By David McKeering, Healthcare Leader, PwC South East Asian Consulting
The healthcare industry is undergoing an epidemiological transformation and healthcare-related developments in artificial intelligence and machine learning will play an important role in successfully navigating this transformation. The epidemiological shift can be understood by analyzing the changes in global life expectancy and disease burden over the past few decades. The global average life expectancy at birth has increased consistently across the world, with Japan and Hong Kong currently topping the list at 84. This has resulted in an increasingly aging population which requires increased medical attention.
Additionally, there has been a shift in the global disease burden from communicable diseases to non-communicable diseases, which indicates that individuals have been leading progressively unhealthy lifestyles. The epidemiological shift has brought about an increased demand and cost burden of healthcare and urgently requires healthcare delivery models to be re-assessed through innovative and disruptive means to make healthcare delivery more sustainable and cost-effective; all while improving clinical outcomes.
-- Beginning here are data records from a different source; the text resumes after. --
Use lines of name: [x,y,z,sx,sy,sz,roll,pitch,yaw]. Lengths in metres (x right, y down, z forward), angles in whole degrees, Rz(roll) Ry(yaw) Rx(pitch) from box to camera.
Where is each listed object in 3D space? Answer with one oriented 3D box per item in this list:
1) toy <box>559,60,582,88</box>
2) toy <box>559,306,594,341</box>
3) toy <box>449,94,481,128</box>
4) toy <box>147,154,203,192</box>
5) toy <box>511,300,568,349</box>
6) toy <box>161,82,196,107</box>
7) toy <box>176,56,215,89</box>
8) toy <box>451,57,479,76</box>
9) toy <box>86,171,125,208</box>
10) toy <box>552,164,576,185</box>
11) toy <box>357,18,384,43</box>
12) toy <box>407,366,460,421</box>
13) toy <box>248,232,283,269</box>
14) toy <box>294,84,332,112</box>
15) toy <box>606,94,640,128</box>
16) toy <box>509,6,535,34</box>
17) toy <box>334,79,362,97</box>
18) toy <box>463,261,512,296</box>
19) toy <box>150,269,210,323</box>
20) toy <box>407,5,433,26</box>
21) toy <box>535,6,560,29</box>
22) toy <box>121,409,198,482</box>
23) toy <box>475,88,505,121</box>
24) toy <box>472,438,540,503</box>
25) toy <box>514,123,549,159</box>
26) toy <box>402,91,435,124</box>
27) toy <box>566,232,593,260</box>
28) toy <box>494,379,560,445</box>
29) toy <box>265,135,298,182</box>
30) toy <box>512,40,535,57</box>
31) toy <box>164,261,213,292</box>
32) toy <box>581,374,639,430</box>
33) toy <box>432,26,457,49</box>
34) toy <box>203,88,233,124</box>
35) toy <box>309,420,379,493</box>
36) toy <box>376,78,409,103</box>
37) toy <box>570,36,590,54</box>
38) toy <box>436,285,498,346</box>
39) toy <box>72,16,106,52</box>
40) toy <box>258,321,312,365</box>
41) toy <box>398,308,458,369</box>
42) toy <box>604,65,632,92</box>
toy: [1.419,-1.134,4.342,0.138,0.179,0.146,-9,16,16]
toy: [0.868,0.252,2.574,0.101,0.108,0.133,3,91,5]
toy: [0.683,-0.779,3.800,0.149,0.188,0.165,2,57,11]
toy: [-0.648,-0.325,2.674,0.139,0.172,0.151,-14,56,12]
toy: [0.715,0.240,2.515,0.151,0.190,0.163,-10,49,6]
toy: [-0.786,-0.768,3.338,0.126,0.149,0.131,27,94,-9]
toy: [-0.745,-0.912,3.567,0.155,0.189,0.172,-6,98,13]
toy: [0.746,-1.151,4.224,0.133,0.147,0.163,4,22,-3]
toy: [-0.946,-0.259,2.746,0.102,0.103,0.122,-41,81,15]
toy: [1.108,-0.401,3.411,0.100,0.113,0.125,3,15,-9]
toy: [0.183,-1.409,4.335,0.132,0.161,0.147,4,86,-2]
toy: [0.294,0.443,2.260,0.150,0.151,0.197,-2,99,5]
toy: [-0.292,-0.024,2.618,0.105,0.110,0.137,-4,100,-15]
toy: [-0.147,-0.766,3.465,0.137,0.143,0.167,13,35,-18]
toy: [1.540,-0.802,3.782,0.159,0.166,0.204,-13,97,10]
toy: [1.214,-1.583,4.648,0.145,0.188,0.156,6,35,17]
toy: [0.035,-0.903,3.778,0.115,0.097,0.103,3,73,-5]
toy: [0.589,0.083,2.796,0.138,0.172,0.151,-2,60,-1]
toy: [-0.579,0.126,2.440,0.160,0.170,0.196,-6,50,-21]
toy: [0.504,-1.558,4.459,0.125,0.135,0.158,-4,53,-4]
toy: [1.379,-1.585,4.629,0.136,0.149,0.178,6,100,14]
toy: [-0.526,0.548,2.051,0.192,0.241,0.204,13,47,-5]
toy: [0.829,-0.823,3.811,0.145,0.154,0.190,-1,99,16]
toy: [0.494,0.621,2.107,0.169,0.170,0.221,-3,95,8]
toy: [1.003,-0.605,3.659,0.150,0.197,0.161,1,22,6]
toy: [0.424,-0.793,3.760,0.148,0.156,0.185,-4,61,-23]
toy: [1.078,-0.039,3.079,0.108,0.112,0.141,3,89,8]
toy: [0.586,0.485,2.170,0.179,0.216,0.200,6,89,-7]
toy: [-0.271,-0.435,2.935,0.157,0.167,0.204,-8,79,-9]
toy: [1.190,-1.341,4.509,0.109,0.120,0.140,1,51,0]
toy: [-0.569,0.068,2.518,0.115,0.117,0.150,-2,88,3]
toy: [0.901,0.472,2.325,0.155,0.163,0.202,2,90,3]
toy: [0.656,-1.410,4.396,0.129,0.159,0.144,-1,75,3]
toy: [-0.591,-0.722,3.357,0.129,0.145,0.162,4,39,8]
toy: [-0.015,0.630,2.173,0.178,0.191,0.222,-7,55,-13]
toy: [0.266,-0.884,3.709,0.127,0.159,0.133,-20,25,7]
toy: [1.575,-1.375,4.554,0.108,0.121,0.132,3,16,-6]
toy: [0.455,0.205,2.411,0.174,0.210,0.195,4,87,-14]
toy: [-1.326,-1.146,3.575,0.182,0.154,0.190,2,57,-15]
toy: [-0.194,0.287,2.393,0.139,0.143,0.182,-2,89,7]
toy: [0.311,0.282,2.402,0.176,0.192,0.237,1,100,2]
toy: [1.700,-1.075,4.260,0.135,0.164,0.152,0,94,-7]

According to a study conducted by a medical devices manufacturer, nearly 70 per cent of medical data remains largely unsifted. The data has traditionally remained unavailable because it was either not digitised or not aggregated. Through technological developments however, such as increased adoption of centralized Electronic Health Record (EHR) systems, this data is now becoming available to both researchers and clinicians. The use of this data and developments in computer science, such as artificial intelligence and machine learning, provide great potential to reduce cost of healthcare delivery, improve clinical disease management, and enhance prevention of lifestyle based non-communicable diseases.
The reduction in cost of healthcare delivery will be achieved by leveraging the workforce at different stages of care and by introducing decision support systems.
The Reduction In Cost Of Healthcare Delivery Will Be Achieved By Leveraging The Workforce At Different Stages Of Care And By Introducing Decision Support Systems
Assuming machine learning systems can be trained to identify and screen for different diseases, these systems can complement the current specialist workforce and improve the overall productivity of the workforce.
These systems should not just be available to specialist doctors, but also general physicians so that they can be deployed at primary facilities, thereby reducing the cost burden to tertiary care facilities. To enable this outcome, public health systems with large aggregations of patient records have started collaborating with artificial intelligence companies to search for early signs of disease. Some predictive analytics tools, with clinical evidence, are already available in the market to help primary care physicians identify and screen patients with possible mental health conditions.
Improvement in clinical disease management involves developing a comprehensive approach for it. This is important because hospital-centric systems were originally designed to provide acute care for very ill people over a period of a few days or weeks. However, with the increase in people whose conditions are chronic, complex, and require longer term treatment, health systems are burdened by unforeseen levels of demand.
It is now possible for artificial intelligence to coordinate care plans and monitor patient compliance against long term treatment programs, which will help reduce patient load. One company has developed an application that helps monitor patients with long term conditions and helps them adhere to medication intake by using visual recognition to confirm ingestion of medication.
Common lifestyle based non-communicable diseases include diabetes, heart disease, and stroke. According to the WHO, over 80 per cent of these diseases can be prevented by eliminating major risk factors. In recent times, there has been an increased willingness by the public to be more active participants in their health. This has been accelerated with democratisation of access of healthcare, with powerful tools that incorporate artificial intelligence and machine learning being made available on mobile platforms. The combination of platforms with Internet of Medical Things in consumer applications can help people manage their own healthcare and keep themselves well through healthier living. These health management solutions have varying degrees of complexity. They can be simple wearables which monitor multiple health-related indicators and provide feedback on a continuous basis or entire ecosystems which provide integrated solutions for sleep, fitness, activity, and nutrition.
Artificial intelligence and machine learning are very promising areas for healthcare. They provide sustainable methods to overcome challenges brought forth by the epidemiological transformation which underpins the system. The large number of successful proof of concepts and commercialised solutions demonstrate the technology’s ability to help make healthcare more affordable, accessible, and trustworthy. These solutions have originated from a combination of large companies and smaller startups which are looking for an opportunity to disrupt the healthcare market. While there is considerable time before we are able to develop a care robot, these developments in technology do bring us closer to realising medical utopia.